+++ Excerpted data +++

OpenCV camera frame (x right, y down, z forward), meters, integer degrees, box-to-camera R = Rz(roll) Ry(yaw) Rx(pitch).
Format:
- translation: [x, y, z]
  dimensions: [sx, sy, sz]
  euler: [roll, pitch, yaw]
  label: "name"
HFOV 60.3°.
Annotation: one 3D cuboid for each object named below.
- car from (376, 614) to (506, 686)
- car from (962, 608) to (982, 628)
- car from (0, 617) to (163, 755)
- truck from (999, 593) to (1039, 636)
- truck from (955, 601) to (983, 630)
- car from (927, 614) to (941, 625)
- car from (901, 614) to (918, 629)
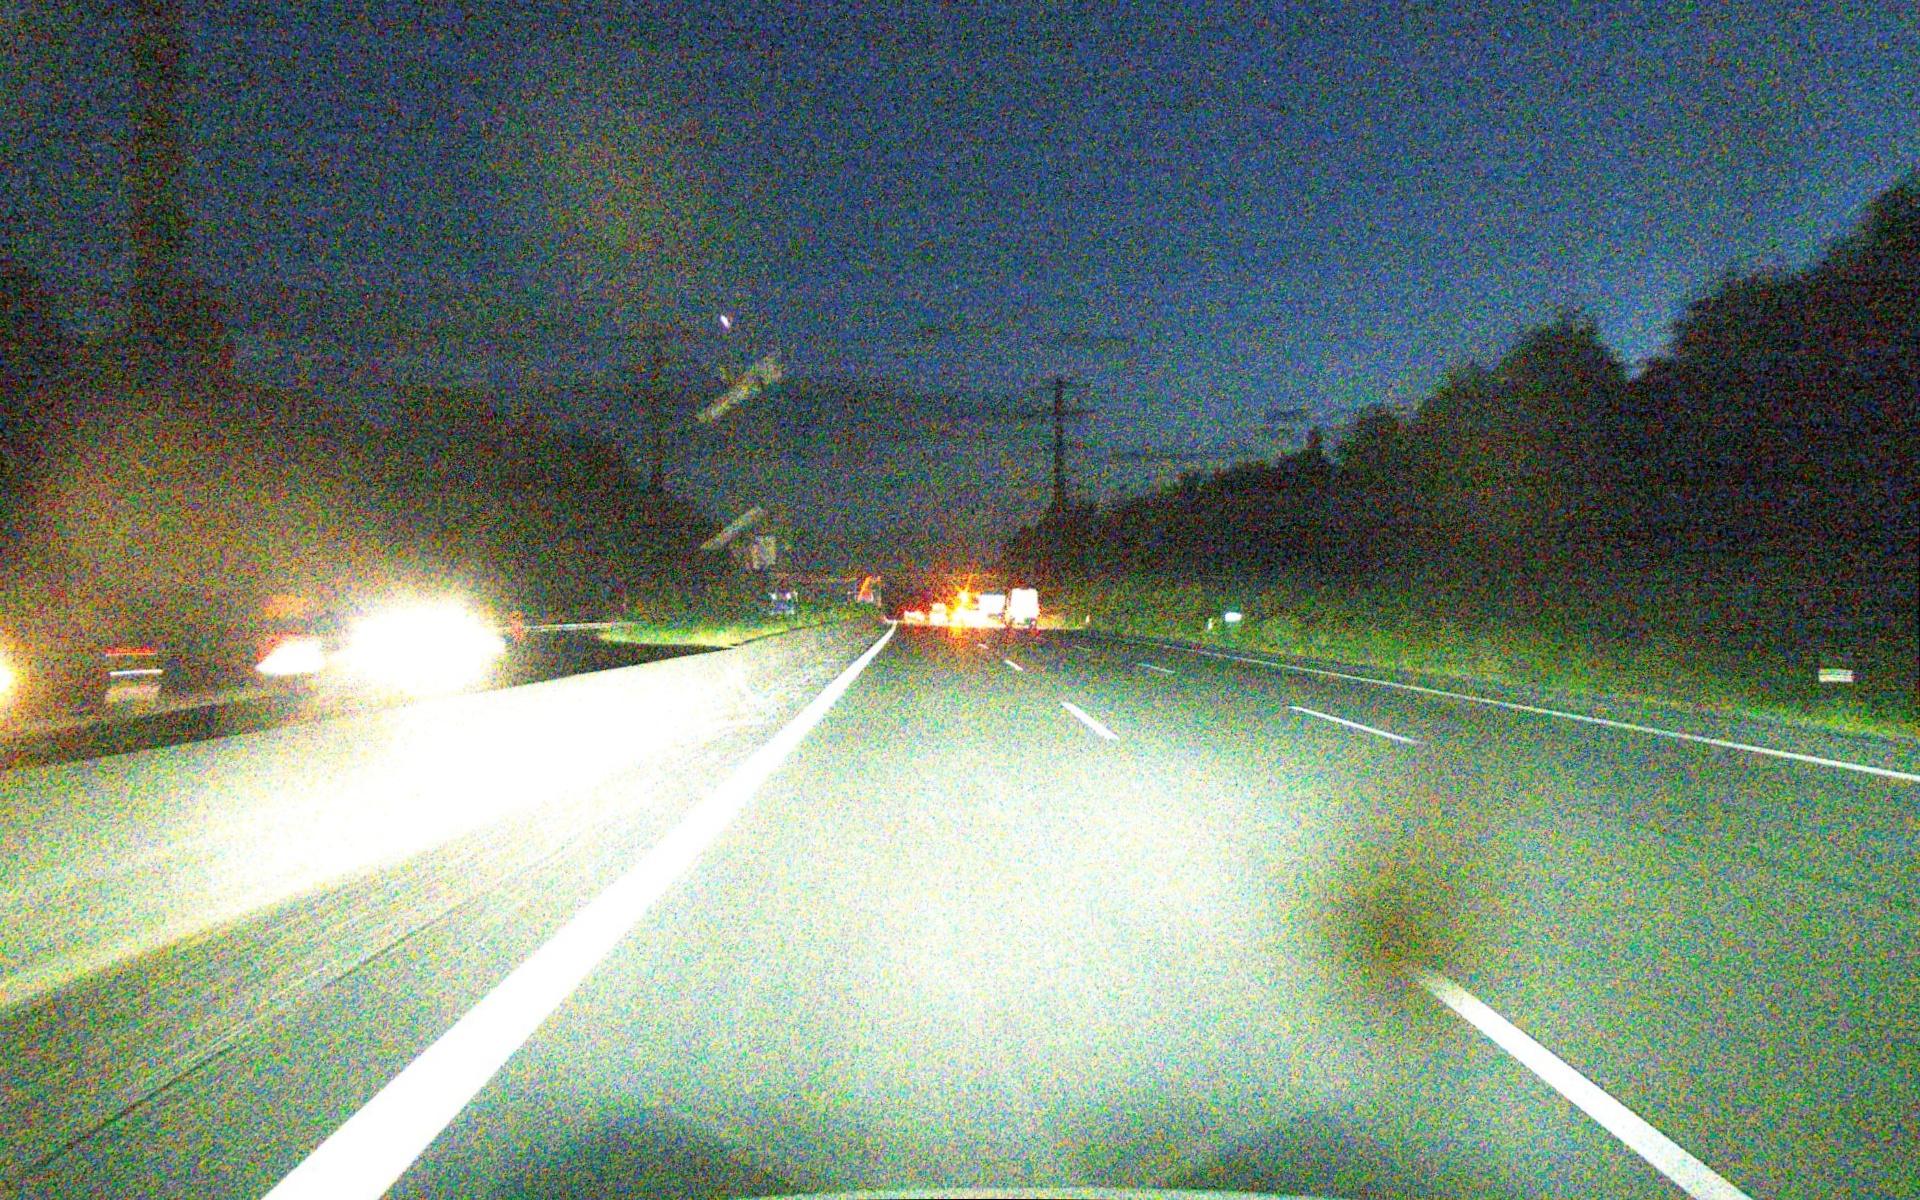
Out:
- translation: [-12.020, 1.115, 38.583]
  dimensions: [1.715, 1.504, 4.580]
  euler: [-2, 0, -2]
  label: "car"
- translation: [0.894, 1.338, 124.592]
  dimensions: [1.319, 1.411, 3.500]
  euler: [2, 0, -1]
  label: "car"
- translation: [-11.709, 1.012, 20.354]
  dimensions: [1.715, 1.504, 4.580]
  euler: [-2, 0, -2]
  label: "car"
- translation: [4.116, 1.101, 116.649]
  dimensions: [2.035, 2.738, 7.301]
  euler: [2, -2, -3]
  label: "truck"
- translation: [1.102, 1.807, 202.470]
  dimensions: [2.983, 3.383, 10.138]
  euler: [2, 0, -2]
  label: "truck"
- translation: [-3.598, 2.688, 227.296]
  dimensions: [1.784, 1.492, 4.246]
  euler: [2, 0, -1]
  label: "car"
- translation: [-5.485, 2.295, 179.433]
  dimensions: [1.784, 1.492, 4.246]
  euler: [2, 0, -1]
  label: "car"
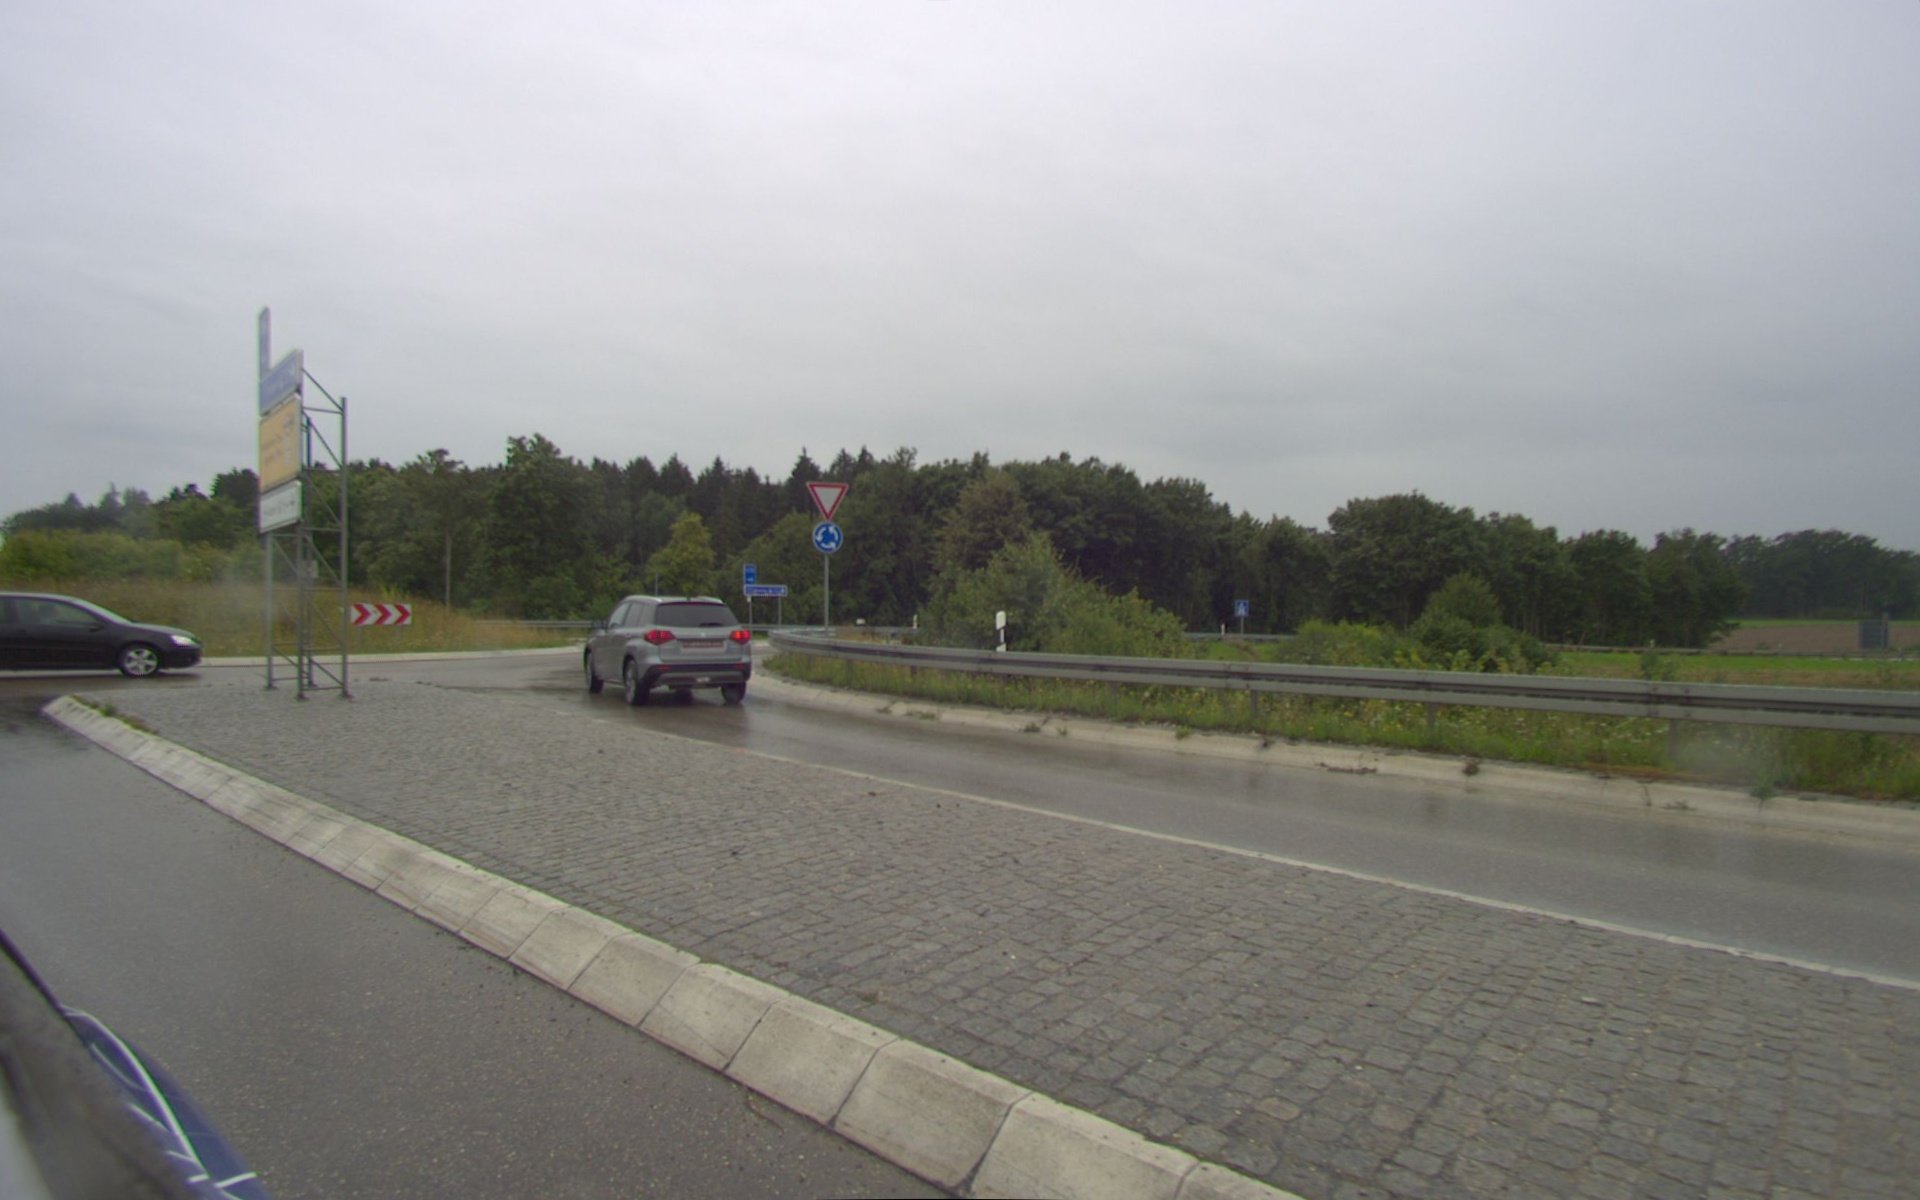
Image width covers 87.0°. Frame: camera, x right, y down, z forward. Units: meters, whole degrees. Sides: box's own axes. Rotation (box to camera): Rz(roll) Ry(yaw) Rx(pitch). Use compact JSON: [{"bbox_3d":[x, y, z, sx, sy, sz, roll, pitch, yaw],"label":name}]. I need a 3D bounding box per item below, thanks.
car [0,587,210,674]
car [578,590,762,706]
[{"bbox_3d":[-15.951,0.525,17.649,4.427,1.432,1.880,0,-2,-31],"label":"car"},{"bbox_3d":[-4.701,0.657,16.028,1.776,1.587,4.012,1,0,-32],"label":"car"}]
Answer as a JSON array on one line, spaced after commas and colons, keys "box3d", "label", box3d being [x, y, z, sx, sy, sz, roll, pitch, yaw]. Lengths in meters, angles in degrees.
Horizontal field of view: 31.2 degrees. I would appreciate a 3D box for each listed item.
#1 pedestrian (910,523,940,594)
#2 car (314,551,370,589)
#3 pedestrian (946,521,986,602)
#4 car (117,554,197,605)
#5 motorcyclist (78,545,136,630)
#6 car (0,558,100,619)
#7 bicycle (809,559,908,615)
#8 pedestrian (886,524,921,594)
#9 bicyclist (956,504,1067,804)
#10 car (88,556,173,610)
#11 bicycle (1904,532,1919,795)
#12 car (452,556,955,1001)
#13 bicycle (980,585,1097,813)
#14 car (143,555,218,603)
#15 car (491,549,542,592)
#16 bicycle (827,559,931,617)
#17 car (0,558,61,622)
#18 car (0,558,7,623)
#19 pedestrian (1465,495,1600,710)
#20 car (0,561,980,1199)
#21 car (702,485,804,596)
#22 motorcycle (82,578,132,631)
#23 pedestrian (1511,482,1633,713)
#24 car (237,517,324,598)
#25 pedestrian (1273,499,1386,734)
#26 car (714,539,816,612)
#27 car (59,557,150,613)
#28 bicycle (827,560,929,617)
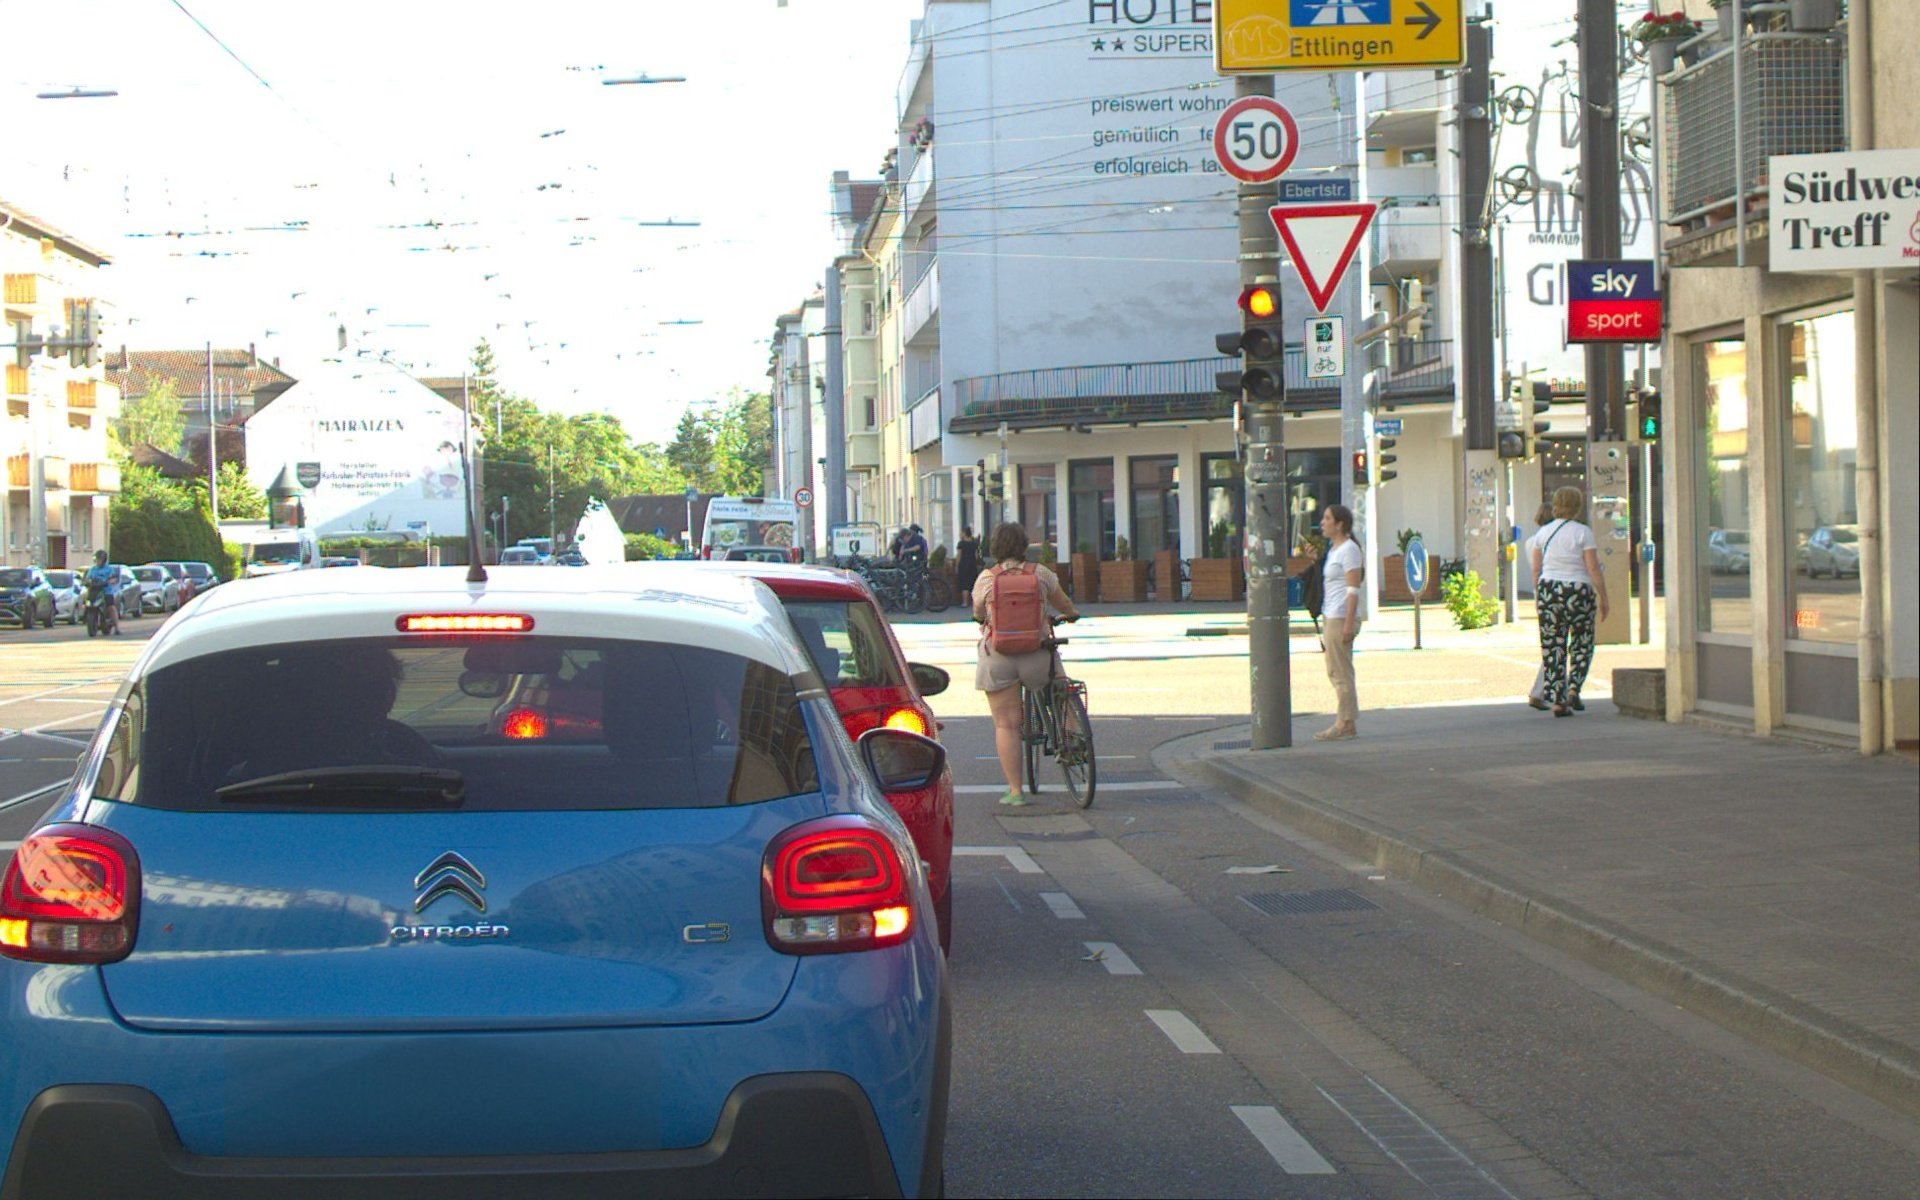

+++

Going down from the first line of the entries above, restate each line word for word until the line holding "- car from (901, 614) to (918, 629)" is done.

Response area:
OpenCV camera frame (x right, y down, z forward), meters, integer degrees, box-to-camera R = Rz(roll) Ry(yaw) Rx(pitch).
Format:
- translation: [x, y, z]
  dimensions: [sx, sy, sz]
  euler: [roll, pitch, yaw]
  label: "name"
HFOV 60.3°.
Annotation: one 3D cuboid for each object named below.
- car from (376, 614) to (506, 686)
- car from (962, 608) to (982, 628)
- car from (0, 617) to (163, 755)
- truck from (999, 593) to (1039, 636)
- truck from (955, 601) to (983, 630)
- car from (927, 614) to (941, 625)
- car from (901, 614) to (918, 629)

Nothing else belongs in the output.